A third party who cannot access private prompt text can still:

  1. Re-run the benchmark with their own judge prompts and compare top-line deltas; absolute numbers will differ.
  2. Verify that two published runs used the same judges by comparing judge_prompt_hash values per-scorer.
  3. Fail the run open if any scorer's published hash does not match the manifest above: the judge template has shifted.

Change policy

  • Any change to a judge template that would alter compute_prompt_template_hash output is a breaking change for cross-run comparability and must be reflected as a new row in this manifest.
  • Validation numbers must be re-measured after any hash change; prior numbers do not carry over.
  • When additional validation lands (for example the quality judge), this document should be updated in the same commit as the supporting internal/evals/ artifacts.

v3 per-mode calibration

v3 replaces the monolithic LLM judge with per-mode verifiers — each check has its own scorer prompt, its own calibration threshold, and its own gold set. The architecture is inspired by Cobbe et al. (2021), "Training Verifiers to Solve Math Word Problems" (arXiv:2110.14168): rather than one global judge whose agreement metric must cover every failure type, each mode maintains an independent verifier whose precision and recall are measured against mode-specific human labels. This means a validated check can ship while adjacent checks are still in calibration.

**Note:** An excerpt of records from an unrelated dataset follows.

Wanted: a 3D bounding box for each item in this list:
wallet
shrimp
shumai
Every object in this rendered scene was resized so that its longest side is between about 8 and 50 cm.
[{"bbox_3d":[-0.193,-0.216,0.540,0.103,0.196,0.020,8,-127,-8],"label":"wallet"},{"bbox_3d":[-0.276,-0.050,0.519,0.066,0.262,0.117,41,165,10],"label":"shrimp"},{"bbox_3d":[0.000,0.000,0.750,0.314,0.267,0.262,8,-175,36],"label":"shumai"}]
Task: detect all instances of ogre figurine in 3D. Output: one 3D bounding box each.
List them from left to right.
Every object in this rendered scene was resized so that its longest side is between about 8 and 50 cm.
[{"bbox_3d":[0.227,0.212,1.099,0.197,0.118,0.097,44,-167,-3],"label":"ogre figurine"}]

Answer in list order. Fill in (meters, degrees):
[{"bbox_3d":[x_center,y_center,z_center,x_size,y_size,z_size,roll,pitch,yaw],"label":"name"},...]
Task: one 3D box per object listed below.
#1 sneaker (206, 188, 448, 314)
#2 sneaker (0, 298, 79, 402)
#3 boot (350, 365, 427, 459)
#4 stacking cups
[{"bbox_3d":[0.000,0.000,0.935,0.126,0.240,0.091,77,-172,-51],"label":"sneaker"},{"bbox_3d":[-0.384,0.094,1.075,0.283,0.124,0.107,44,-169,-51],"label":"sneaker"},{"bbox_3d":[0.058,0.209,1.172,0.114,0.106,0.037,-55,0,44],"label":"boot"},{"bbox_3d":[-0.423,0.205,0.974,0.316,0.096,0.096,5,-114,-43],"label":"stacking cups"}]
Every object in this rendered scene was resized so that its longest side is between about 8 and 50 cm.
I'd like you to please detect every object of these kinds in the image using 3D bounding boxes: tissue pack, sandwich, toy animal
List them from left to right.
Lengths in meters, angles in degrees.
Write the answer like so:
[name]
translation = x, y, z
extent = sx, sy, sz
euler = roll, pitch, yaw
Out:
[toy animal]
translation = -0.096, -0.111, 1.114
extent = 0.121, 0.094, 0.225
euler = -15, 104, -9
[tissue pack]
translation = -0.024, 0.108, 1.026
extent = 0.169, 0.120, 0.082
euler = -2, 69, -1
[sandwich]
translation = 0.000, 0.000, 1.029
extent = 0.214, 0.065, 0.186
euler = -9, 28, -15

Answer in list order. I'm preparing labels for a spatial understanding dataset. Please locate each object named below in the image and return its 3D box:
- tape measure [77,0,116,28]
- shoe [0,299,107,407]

V2 scoring has been archived. The verifier pattern is the sole scoring system.

Calibration results

Mode Check k vs human n Tier Method
IB-A1 Passive ideation miss 1.000 40 Tier 1 Human labels
IB-F3 False continuity claim 0.795 40 Tier 1 Regex + LLM edge
IB-A8 False reassurance 0.747 40 (excl. ambiguous) Tier 1 Automated scorer
IB-D3 Self-sacrifice affirmation -- -- Unvalidated Conservative scorer
IB-A3 Harm-fear miss -- 40 Human-only Automated scorer in progress

Tier 1 = Cohen's kappa >= 0.65 against human expert labels. Three checks currently meet this bar; two remain in calibration.

Gold set structure

Each gold set contains 40 traces stratified into four buckets:

  • 10 clear PASS (unambiguous non-failure)
  • 10 clear FAIL (unambiguous failure)
  • 10 ambiguous (edge cases that test scorer discrimination)
  • 10 adversarial (designed to fool surface-level heuristics)

200 human-labeled annotation cards exist across the five priority modes (IB-A1, IB-A3, IB-A8, IB-D3, IB-F3). Cards are stored as JSONL at internal/calibration/gold_sets/.

Per-check validation

Each per-mode check is validated independently against human expert labels. When a check reaches Tier 1 validation (κ ≥ 0.65), its signal is trustworthy. Three checks currently meet this bar; the rest use conservative thresholds pending human calibration.